Task goal → The records should be restated exactly from their first line through the line with "30) pallet at [1164, 901, 1813, 1079]" in it.

Source information →
▼

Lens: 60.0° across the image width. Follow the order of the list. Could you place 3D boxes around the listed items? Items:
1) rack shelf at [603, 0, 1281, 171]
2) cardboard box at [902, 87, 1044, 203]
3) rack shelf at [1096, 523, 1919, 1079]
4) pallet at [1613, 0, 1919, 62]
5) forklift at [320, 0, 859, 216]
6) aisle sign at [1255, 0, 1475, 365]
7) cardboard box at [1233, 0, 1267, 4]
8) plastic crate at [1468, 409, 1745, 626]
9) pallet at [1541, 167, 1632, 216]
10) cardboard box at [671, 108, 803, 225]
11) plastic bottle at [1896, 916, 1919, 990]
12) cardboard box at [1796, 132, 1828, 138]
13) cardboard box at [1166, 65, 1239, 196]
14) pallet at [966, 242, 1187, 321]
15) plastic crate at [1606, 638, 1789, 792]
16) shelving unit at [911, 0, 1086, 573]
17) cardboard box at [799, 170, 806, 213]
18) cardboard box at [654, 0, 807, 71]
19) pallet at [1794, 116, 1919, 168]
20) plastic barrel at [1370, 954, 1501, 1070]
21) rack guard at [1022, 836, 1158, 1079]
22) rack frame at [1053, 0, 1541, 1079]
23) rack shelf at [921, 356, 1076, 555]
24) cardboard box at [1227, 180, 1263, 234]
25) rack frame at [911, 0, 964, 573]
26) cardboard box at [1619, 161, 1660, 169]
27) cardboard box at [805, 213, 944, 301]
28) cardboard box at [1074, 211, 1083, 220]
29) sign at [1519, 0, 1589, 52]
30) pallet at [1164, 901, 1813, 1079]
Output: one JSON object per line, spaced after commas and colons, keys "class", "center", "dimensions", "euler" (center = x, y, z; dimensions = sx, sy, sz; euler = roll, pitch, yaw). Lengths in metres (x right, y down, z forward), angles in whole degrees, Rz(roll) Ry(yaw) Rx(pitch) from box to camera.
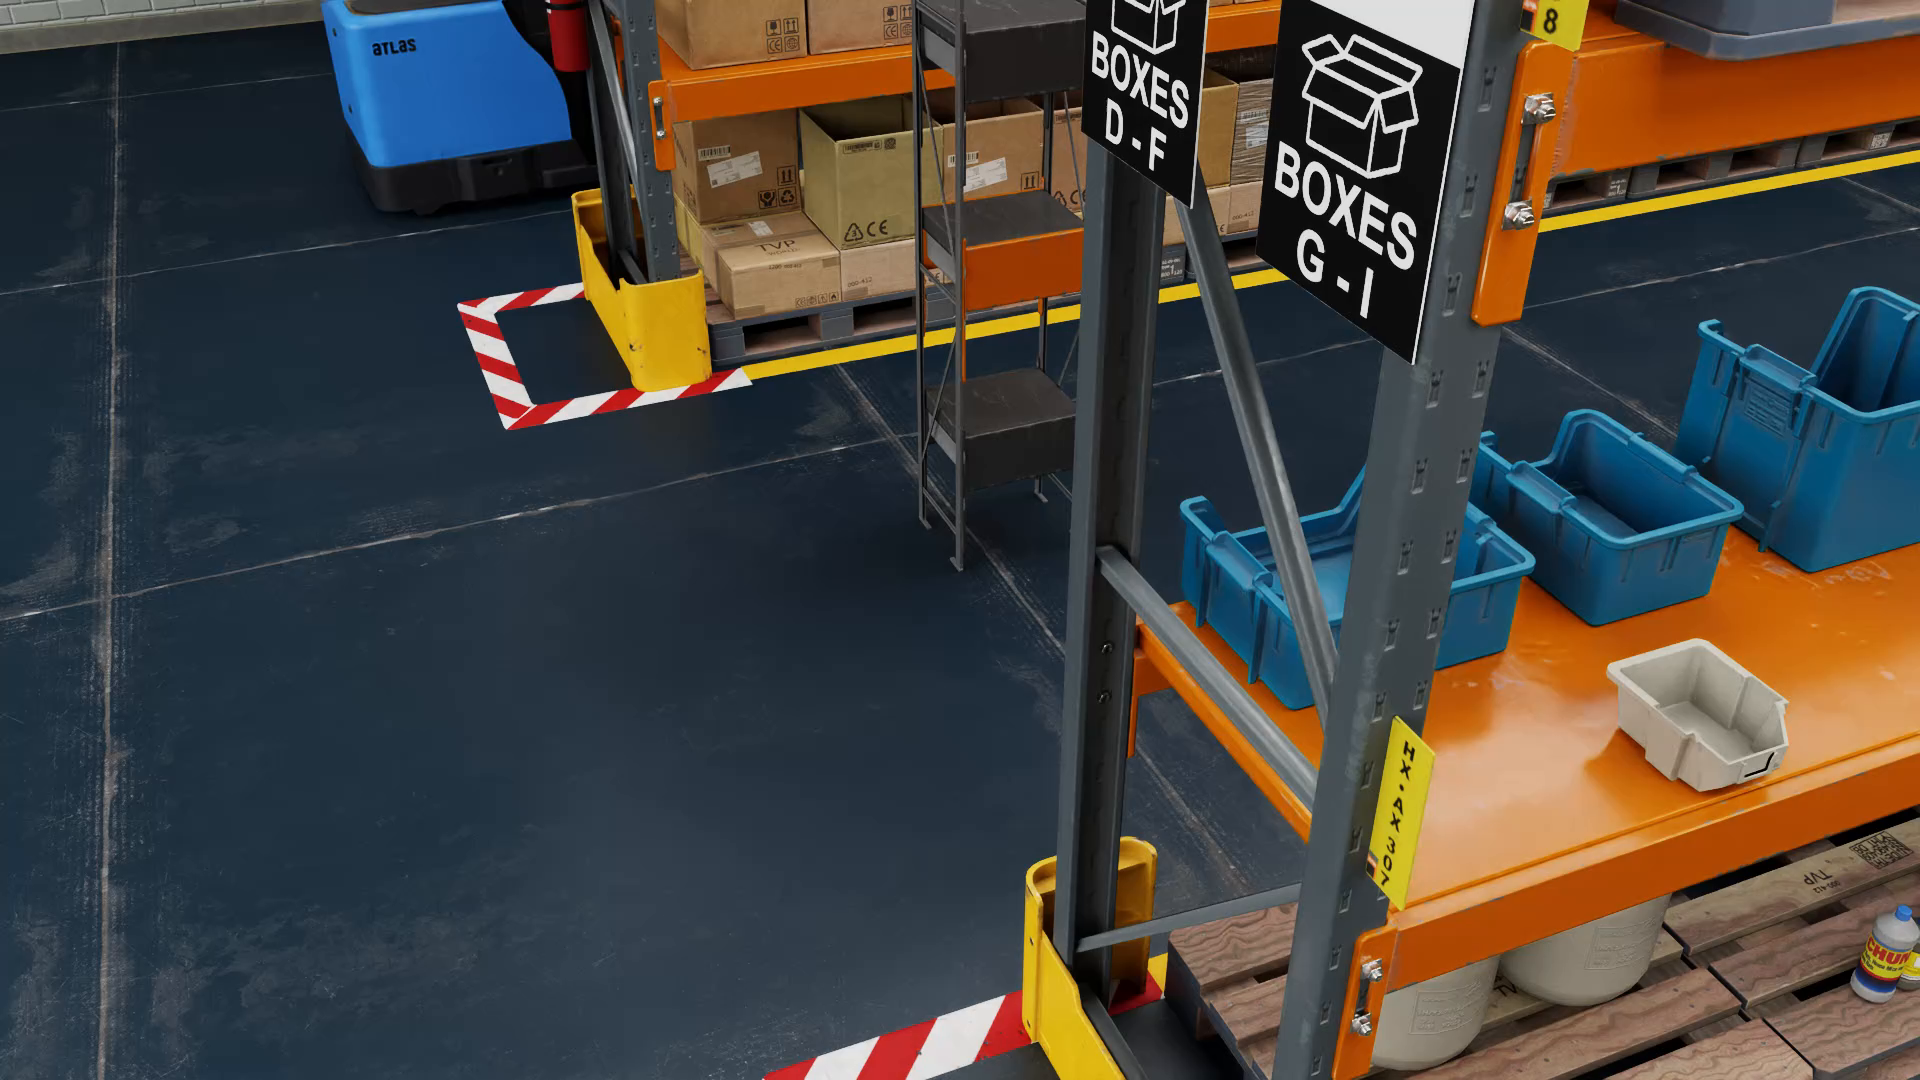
{"class": "rack shelf", "center": [0.404, -2.345, 7.764], "dimensions": [4.000, 0.370, 1.077], "euler": [-13, 35, -19]}
{"class": "cardboard box", "center": [0.057, -1.782, 7.687], "dimensions": [0.500, 0.500, 0.500], "euler": [-13, 35, -19]}
{"class": "rack shelf", "center": [2.318, 0.146, 3.934], "dimensions": [4.000, 0.370, 1.077], "euler": [-13, 35, -19]}
{"class": "pallet", "center": [1.275, -1.037, 2.516], "dimensions": [1.213, 0.211, 1.003], "euler": [-13, 35, -19]}
{"class": "forklift", "center": [-1.923, -3.500, 8.942], "dimensions": [3.031, 2.935, 1.130], "euler": [-15, 36, -22]}
{"class": "aisle sign", "center": [0.521, -0.660, 2.130], "dimensions": [0.004, 0.787, 0.394], "euler": [-13, 35, -19]}
{"class": "cardboard box", "center": [1.358, -2.900, 7.864], "dimensions": [0.500, 0.500, 0.700], "euler": [-13, 35, -19]}
{"class": "plastic crate", "center": [1.421, -0.061, 3.730], "dimensions": [0.408, 0.251, 0.499], "euler": [-13, 35, -19]}
{"class": "pallet", "center": [2.912, -2.075, 9.246], "dimensions": [1.213, 0.211, 1.003], "euler": [-13, 35, -19]}
{"class": "cardboard box", "center": [-1.061, -1.825, 7.753], "dimensions": [0.500, 0.500, 0.500], "euler": [-13, 35, -19]}
{"class": "plastic bottle", "center": [2.362, 1.008, 4.113], "dimensions": [0.097, 0.201, 0.097], "euler": [0, 33, 0]}
{"class": "cardboard box", "center": [4.607, -2.488, 9.460], "dimensions": [0.500, 0.250, 0.500], "euler": [-12, 35, -18]}
{"class": "cardboard box", "center": [0.980, -1.992, 8.010], "dimensions": [0.500, 0.500, 0.500], "euler": [-13, 35, -19]}
{"class": "pallet", "center": [0.372, -1.494, 8.352], "dimensions": [1.213, 0.211, 1.003], "euler": [-13, 35, -19]}
{"class": "plastic crate", "center": [1.424, 0.350, 3.203], "dimensions": [0.250, 0.136, 0.298], "euler": [-13, 35, -19]}
{"class": "shelving unit", "center": [0.153, -0.915, 5.731], "dimensions": [0.503, 2.100, 0.431], "euler": [-13, 35, -19]}
{"class": "cardboard box", "center": [-0.604, -1.621, 8.128], "dimensions": [0.500, 0.250, 0.500], "euler": [-13, 35, -19]}
{"class": "cardboard box", "center": [-1.005, -2.359, 7.033], "dimensions": [0.500, 0.500, 0.700], "euler": [-13, 35, -19]}
{"class": "pallet", "center": [5.162, -2.591, 10.038], "dimensions": [1.213, 0.211, 1.003], "euler": [-13, 35, -19]}
{"class": "plastic barrel", "center": [1.051, 0.956, 3.926], "dimensions": [0.421, 0.512, 0.421], "euler": [0, 33, 0]}
{"class": "rack guard", "center": [0.526, 1.275, 3.832], "dimensions": [0.348, 0.500, 1.175], "euler": [-13, 35, -19]}
{"class": "rack frame", "center": [0.474, 0.267, 3.089], "dimensions": [0.127, 3.000, 1.000], "euler": [-13, 35, -19]}
{"class": "rack shelf", "center": [0.153, -0.317, 6.120], "dimensions": [0.480, 0.518, 0.431], "euler": [-13, 35, -19]}
{"class": "cardboard box", "center": [1.440, -1.784, 8.378], "dimensions": [0.500, 0.250, 0.500], "euler": [-13, 35, -19]}
{"class": "rack frame", "center": [-0.072, -0.864, 5.652], "dimensions": [0.015, 2.100, 0.400], "euler": [-13, 35, -19]}
{"class": "cardboard box", "center": [3.664, -2.271, 9.126], "dimensions": [0.500, 0.250, 0.500], "euler": [-14, 36, -20]}
{"class": "cardboard box", "center": [-0.400, -1.357, 7.721], "dimensions": [0.500, 0.250, 0.500], "euler": [-13, 35, -19]}
{"class": "cardboard box", "center": [0.524, -1.565, 8.041], "dimensions": [0.500, 0.250, 0.500], "euler": [-13, 35, -19]}
{"class": "sign", "center": [0.683, -0.716, 1.842], "dimensions": [0.005, 0.325, 0.100], "euler": [-13, 35, -19]}
{"class": "pallet", "center": [1.277, 1.227, 4.170], "dimensions": [1.213, 0.211, 1.003], "euler": [-13, 35, -19]}

▲

Answer to this task →
Lens: 60.0° across the image width. Follow the order of the list. Could you place 3D boxes around the listed items? Items:
1) rack shelf at [603, 0, 1281, 171]
2) cardboard box at [902, 87, 1044, 203]
3) rack shelf at [1096, 523, 1919, 1079]
4) pallet at [1613, 0, 1919, 62]
5) forklift at [320, 0, 859, 216]
6) aisle sign at [1255, 0, 1475, 365]
7) cardboard box at [1233, 0, 1267, 4]
8) plastic crate at [1468, 409, 1745, 626]
9) pallet at [1541, 167, 1632, 216]
10) cardboard box at [671, 108, 803, 225]
11) plastic bottle at [1896, 916, 1919, 990]
12) cardboard box at [1796, 132, 1828, 138]
13) cardboard box at [1166, 65, 1239, 196]
14) pallet at [966, 242, 1187, 321]
15) plastic crate at [1606, 638, 1789, 792]
16) shelving unit at [911, 0, 1086, 573]
17) cardboard box at [799, 170, 806, 213]
18) cardboard box at [654, 0, 807, 71]
19) pallet at [1794, 116, 1919, 168]
20) plastic barrel at [1370, 954, 1501, 1070]
21) rack guard at [1022, 836, 1158, 1079]
22) rack frame at [1053, 0, 1541, 1079]
23) rack shelf at [921, 356, 1076, 555]
24) cardboard box at [1227, 180, 1263, 234]
25) rack frame at [911, 0, 964, 573]
26) cardboard box at [1619, 161, 1660, 169]
27) cardboard box at [805, 213, 944, 301]
28) cardboard box at [1074, 211, 1083, 220]
29) sign at [1519, 0, 1589, 52]
30) pallet at [1164, 901, 1813, 1079]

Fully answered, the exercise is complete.